Sinto-me confuso e tonto, acho que não estou bem.
Os pássaros gritam e os raios de sol acariciam todo o meu rosto. Onde estou? Sinto-me como se tivesse tomado um porre um dia atrás. Tento levantar-me, mas um braço me impede. Vejo que está ao meu lado uma senhora de meia-idade, cabelos ruivos e pele bronzeada
Quem é você? O que aconteceu comigo? Meu corpo inteiro dói. Sinto minha mente confusa e vaga. Este topo é a causa de tudo isso? Acho que eu deveria ter ficado em minha casa. Meus sonhos me impeliram até aqui. Escalei vagarosamente a montanha, cheio de esperanças num futuro melhor e apontando para um auto crescimento. No entanto, praticamente não posso mover-me. Explique-me tudo isso, eu lhe imploro.
Sou a guardiã da montanha. Sou o espírito da Terra que sopra de lá para cá. Fui enviada aqui, pois você venceu o desafio. Quer realizar seus sonhos? Eu o ajudarei a conseguir, filho de Deus! Você ainda tem muitos desafios a enfrentar. Eu o prepararei para tal. Não temas. O seu Deus está contigo. Descanse um pouco. Eu voltarei com água e alimentos para suprir suas necessidades. Enquanto isso, descanse e medite como você sempre faz.

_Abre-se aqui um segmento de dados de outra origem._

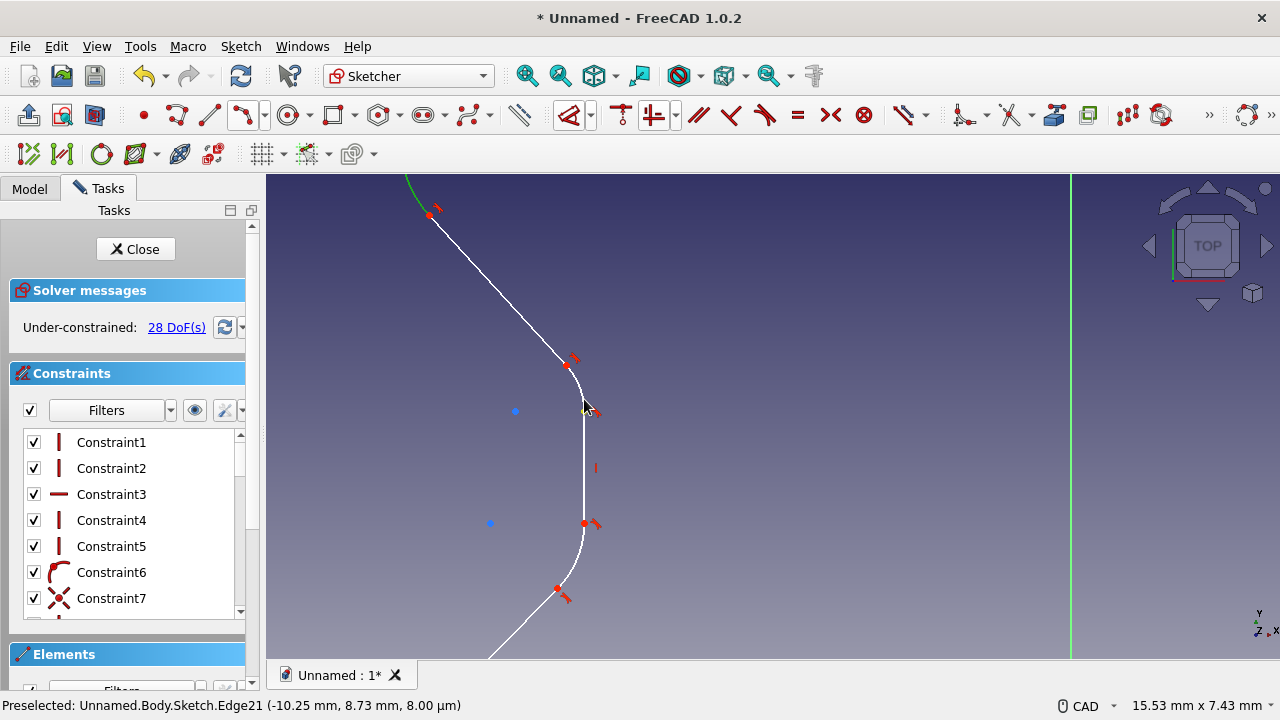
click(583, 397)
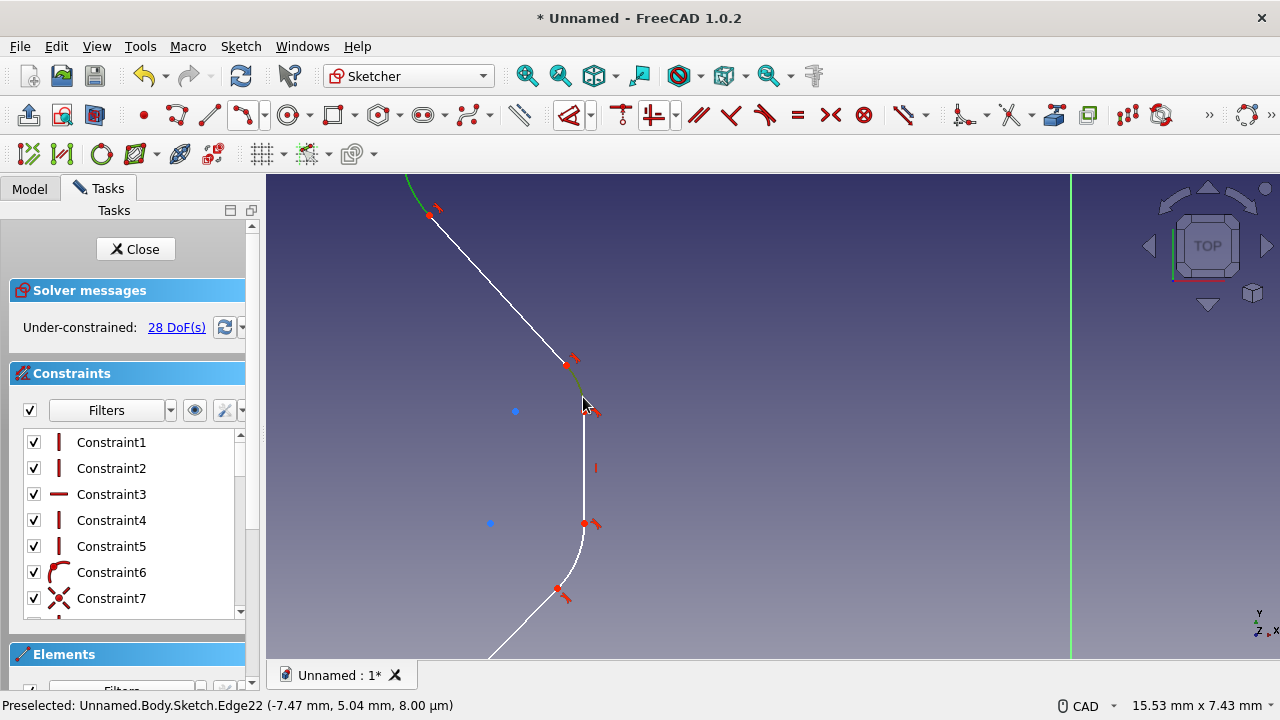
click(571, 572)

Dito isso, a senhora desapareceu da minha visão. Essa imagem perturbadora deixou-me mais aflito e cheio de dúvidas. Quais desafios eu teria de vencer? Em quais etapas esses desafios consistiam? O topo da montanha era realmente um lugar esplendoroso e tranquilo. Do alto, podia avistar-se toda a pequena aglomeração de casas do Mimoso. Ele representa um planalto cheio de íngremes caminhos e repletos de vegetação por todos os lados. Esse local sagrado, intocado da natureza, me ajudaria realmente a realizar meus planos? Tornar-me-ia escritor ao sair dele? Só o tempo poderia responder essas indagações.

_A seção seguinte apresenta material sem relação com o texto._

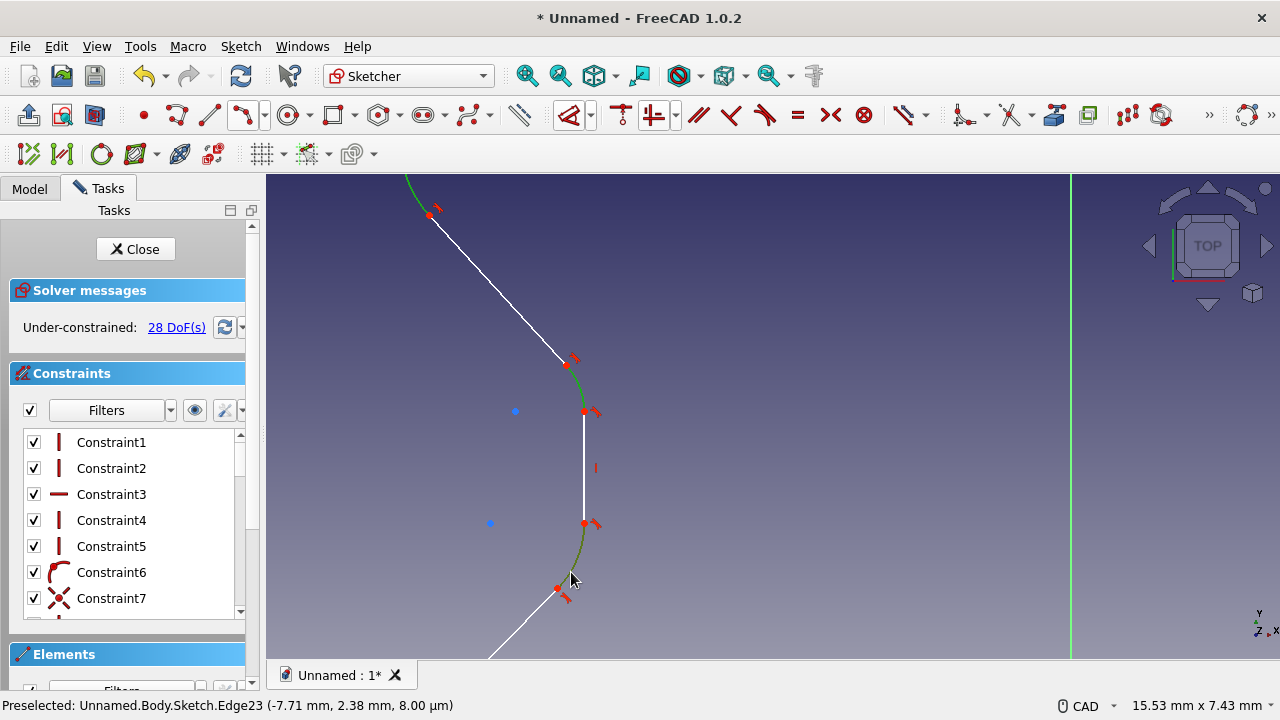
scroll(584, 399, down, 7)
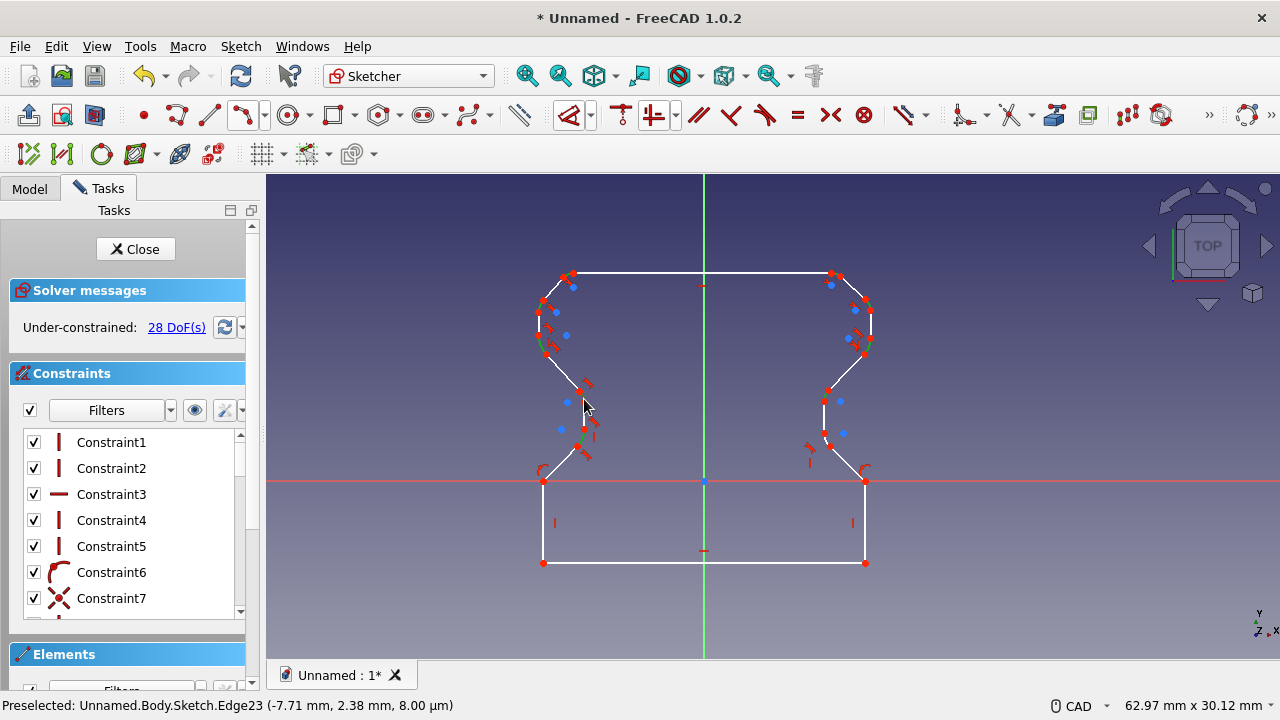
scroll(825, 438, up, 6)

Diante da demora da senhora, pus-me a meditar no topo da montanha. Utilizei-me da seguinte técnica: primeiramente, deixo a mente limpa (livre de quaisquer pensamentos). Começo a entrar em sintonia com a natureza ao redor, contemplando todo o local mentalmente. A partir daí começo a entender que faço parte da própria natureza e estamos totalmente interligados, num grande ritual de comunhão. O meu silêncio também é o silêncio da mãe natureza. O meu grito também é o grito dela. Gradativamente, começo a sentir seus desejos e aspirações, reciprocamente. Sinto seu pedido de socorro pela vida e suas menções à destruição humana: desmatamento, mineração, caça e pesca excessivas, emissão de gases poluentes na atmosfera e outras atrocidades humanas. Em contrapartida, ela me escuta e me apoia em todos os meus planos. Estamos completamente interligados durante a meditação. Toda essa harmonia e cumplicidade deixaram-me totalmente tranquilo e concentrado em meus desejos. Até que algo mudou: senti o mesmo toque que outrora me despertara. Abri os olhos, vagarosamente, e percebi que estava diante da mesma senhora que se denominou a guardiã da montanha sagrada.
Vejo que entendeu o segredo da meditação. A montanha o ajudou a descobrir um pouco do seu potencial. Você crescerá muito em todos os sentidos. Eu o ajudarei nesse processo. Primeiramente, peço que vá retirar da natureza caibros, ripas, esteios e linhas, para erguer sua cabana, e lenha, para fazer uma fogueira. A noite já está chegando, e você precisa se proteger dos animais ferozes. A partir de amanhã, eu o ensinarei a sabedoria da mata para que você possa vencer o seu verdadeiro desafio: a gruta do desespero. Somente o coração puro sobrevive ao fogo de sua análise. Quer realizar seus sonhos? Então pague o preço por eles. O universo não dá nada de graça a ninguém. Somos nós que nos tornamos dignos de alcançar o sucesso. Esta é uma lição que você deve aprender, meu jovem.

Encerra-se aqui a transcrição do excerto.